Operations Management

Year:

2016-17

By Nitisha Agrawal

Lessons a rejected visa taught me

“Your processed visa application will be delivered to the chosen address.” Yay! This message I thought would help me check my visa off my checklist but little was I ready to be surprised otherwise. With the new lesser restricting rules and a low student visa rejection rate, I had some (bad) luck by chance, hadn’t I? With a rejected visa in my hand, the next two obvious thoughts were: A, write to the college and B, create a new application in order to get my visa before the date my ticket says I need to fly.

While awaiting a reply from the college as it was their off business hour, I created a new application with the only change being my tuition fee as I had paid the complete amount and assumed the CAS (not CAS number) could be updated with this information. I hit submit. I move on to the payment page…and bam! I encountered the most unexpected and deplorable message when you are in a hurry. It said, “The IHS payment site is under maintenance, please try later!”. Cursing my luck, I went back to read the rejection letter completely and in the meantime also received a response from the college. I was shocked and filled with gratitude on reading their email. It said that I needed a new CAS number and that the previous one could not be updated. Had the IHS payment site not been down I would have lost my visa fees! Luck isn’t all that bad I realized, it has its reasons am sure. (Non believers of luck? We can save this conversation for over a drink 🙂 )

Lesson no. 1Haste is waste. The panic and hurry served me no purpose. Under any situation, hang on, take a step back, pull yourself out of the situation and think. Use a third eye if necessary and available before you act but definitely give yourself some time to respond, not react!
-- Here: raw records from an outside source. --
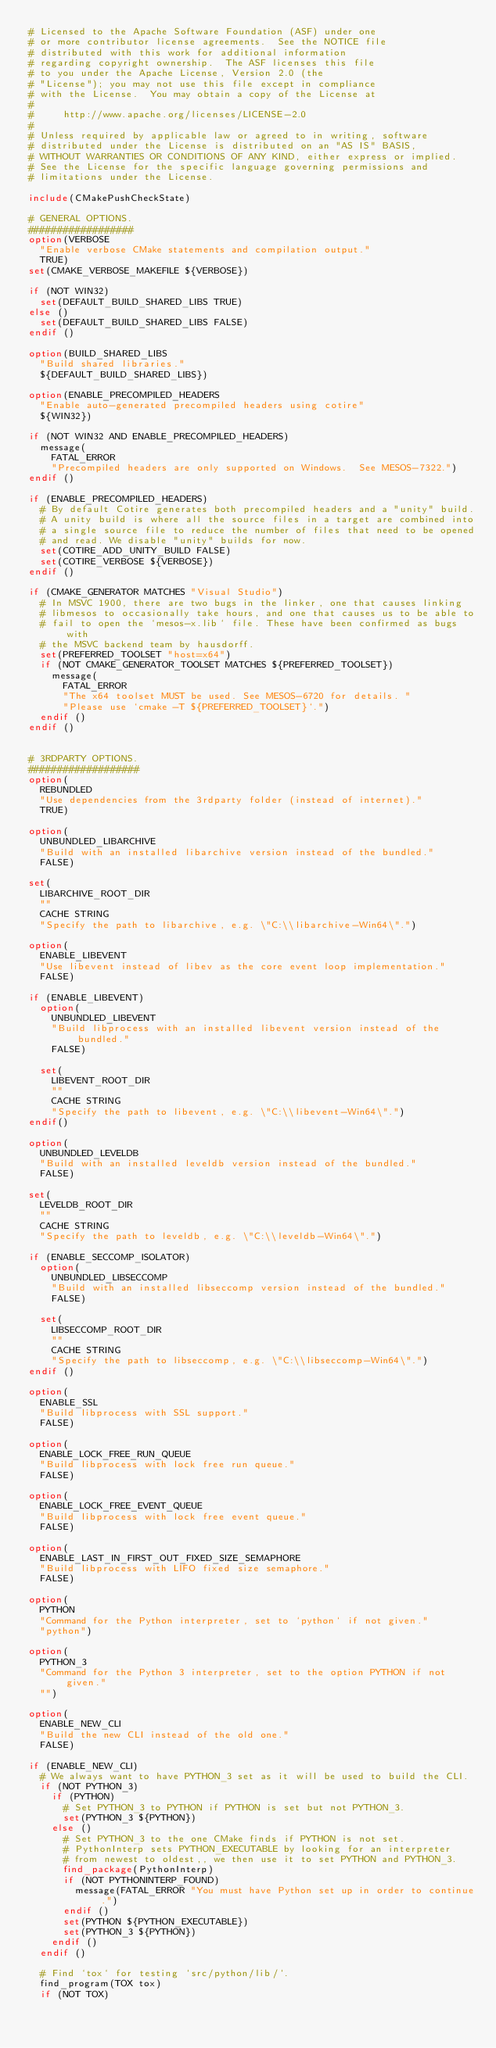Convert code to text. <code><loc_0><loc_0><loc_500><loc_500><_CMake_># Licensed to the Apache Software Foundation (ASF) under one
# or more contributor license agreements.  See the NOTICE file
# distributed with this work for additional information
# regarding copyright ownership.  The ASF licenses this file
# to you under the Apache License, Version 2.0 (the
# "License"); you may not use this file except in compliance
# with the License.  You may obtain a copy of the License at
#
#     http://www.apache.org/licenses/LICENSE-2.0
#
# Unless required by applicable law or agreed to in writing, software
# distributed under the License is distributed on an "AS IS" BASIS,
# WITHOUT WARRANTIES OR CONDITIONS OF ANY KIND, either express or implied.
# See the License for the specific language governing permissions and
# limitations under the License.

include(CMakePushCheckState)

# GENERAL OPTIONS.
##################
option(VERBOSE
  "Enable verbose CMake statements and compilation output."
  TRUE)
set(CMAKE_VERBOSE_MAKEFILE ${VERBOSE})

if (NOT WIN32)
  set(DEFAULT_BUILD_SHARED_LIBS TRUE)
else ()
  set(DEFAULT_BUILD_SHARED_LIBS FALSE)
endif ()

option(BUILD_SHARED_LIBS
  "Build shared libraries."
  ${DEFAULT_BUILD_SHARED_LIBS})

option(ENABLE_PRECOMPILED_HEADERS
  "Enable auto-generated precompiled headers using cotire"
  ${WIN32})

if (NOT WIN32 AND ENABLE_PRECOMPILED_HEADERS)
  message(
    FATAL_ERROR
    "Precompiled headers are only supported on Windows.  See MESOS-7322.")
endif ()

if (ENABLE_PRECOMPILED_HEADERS)
  # By default Cotire generates both precompiled headers and a "unity" build.
  # A unity build is where all the source files in a target are combined into
  # a single source file to reduce the number of files that need to be opened
  # and read. We disable "unity" builds for now.
  set(COTIRE_ADD_UNITY_BUILD FALSE)
  set(COTIRE_VERBOSE ${VERBOSE})
endif ()

if (CMAKE_GENERATOR MATCHES "Visual Studio")
  # In MSVC 1900, there are two bugs in the linker, one that causes linking
  # libmesos to occasionally take hours, and one that causes us to be able to
  # fail to open the `mesos-x.lib` file. These have been confirmed as bugs with
  # the MSVC backend team by hausdorff.
  set(PREFERRED_TOOLSET "host=x64")
  if (NOT CMAKE_GENERATOR_TOOLSET MATCHES ${PREFERRED_TOOLSET})
    message(
      FATAL_ERROR
      "The x64 toolset MUST be used. See MESOS-6720 for details. "
      "Please use `cmake -T ${PREFERRED_TOOLSET}`.")
  endif ()
endif ()


# 3RDPARTY OPTIONS.
###################
option(
  REBUNDLED
  "Use dependencies from the 3rdparty folder (instead of internet)."
  TRUE)

option(
  UNBUNDLED_LIBARCHIVE
  "Build with an installed libarchive version instead of the bundled."
  FALSE)

set(
  LIBARCHIVE_ROOT_DIR
  ""
  CACHE STRING
  "Specify the path to libarchive, e.g. \"C:\\libarchive-Win64\".")

option(
  ENABLE_LIBEVENT
  "Use libevent instead of libev as the core event loop implementation."
  FALSE)

if (ENABLE_LIBEVENT)
  option(
    UNBUNDLED_LIBEVENT
    "Build libprocess with an installed libevent version instead of the bundled."
    FALSE)

  set(
    LIBEVENT_ROOT_DIR
    ""
    CACHE STRING
    "Specify the path to libevent, e.g. \"C:\\libevent-Win64\".")
endif()

option(
  UNBUNDLED_LEVELDB
  "Build with an installed leveldb version instead of the bundled."
  FALSE)

set(
  LEVELDB_ROOT_DIR
  ""
  CACHE STRING
  "Specify the path to leveldb, e.g. \"C:\\leveldb-Win64\".")

if (ENABLE_SECCOMP_ISOLATOR)
  option(
    UNBUNDLED_LIBSECCOMP
    "Build with an installed libseccomp version instead of the bundled."
    FALSE)

  set(
    LIBSECCOMP_ROOT_DIR
    ""
    CACHE STRING
    "Specify the path to libseccomp, e.g. \"C:\\libseccomp-Win64\".")
endif ()

option(
  ENABLE_SSL
  "Build libprocess with SSL support."
  FALSE)

option(
  ENABLE_LOCK_FREE_RUN_QUEUE
  "Build libprocess with lock free run queue."
  FALSE)

option(
  ENABLE_LOCK_FREE_EVENT_QUEUE
  "Build libprocess with lock free event queue."
  FALSE)

option(
  ENABLE_LAST_IN_FIRST_OUT_FIXED_SIZE_SEMAPHORE
  "Build libprocess with LIFO fixed size semaphore."
  FALSE)

option(
  PYTHON
  "Command for the Python interpreter, set to `python` if not given."
  "python")

option(
  PYTHON_3
  "Command for the Python 3 interpreter, set to the option PYTHON if not given."
  "")

option(
  ENABLE_NEW_CLI
  "Build the new CLI instead of the old one."
  FALSE)

if (ENABLE_NEW_CLI)
  # We always want to have PYTHON_3 set as it will be used to build the CLI.
  if (NOT PYTHON_3)
    if (PYTHON)
      # Set PYTHON_3 to PYTHON if PYTHON is set but not PYTHON_3.
      set(PYTHON_3 ${PYTHON})
    else ()
      # Set PYTHON_3 to the one CMake finds if PYTHON is not set.
      # PythonInterp sets PYTHON_EXECUTABLE by looking for an interpreter
      # from newest to oldest,, we then use it to set PYTHON and PYTHON_3.
      find_package(PythonInterp)
      if (NOT PYTHONINTERP_FOUND)
        message(FATAL_ERROR "You must have Python set up in order to continue.")
      endif ()
      set(PYTHON ${PYTHON_EXECUTABLE})
      set(PYTHON_3 ${PYTHON})
    endif ()
  endif ()

  # Find `tox` for testing `src/python/lib/`.
  find_program(TOX tox)
  if (NOT TOX)</code>

Lesson no. 2Lock your box. Let me explain. I believed the statement “Leave your work before you get home” is over hyped until this happened. When I got to know my visa was rejected, I was on a holiday spending time with my maternal family. On one hand I was enjoying family time and knew this would be the last time I would be seeing them for a year at least and on the other hand I was going through multiple emotions of anger, sadness and fear. What I learnt that day was to box and compartmentalize my feelings and address them appropriately and not let them affect my here and now. The story after that? You all know 🙂

Difficult two weeks I must say, the wait seemed longer than I can remember. I could have done with more good news when a mail flew into my inbox announcing my selection in the peer supporter programme. Excited? Check! Visa? Check! Packing? In progress!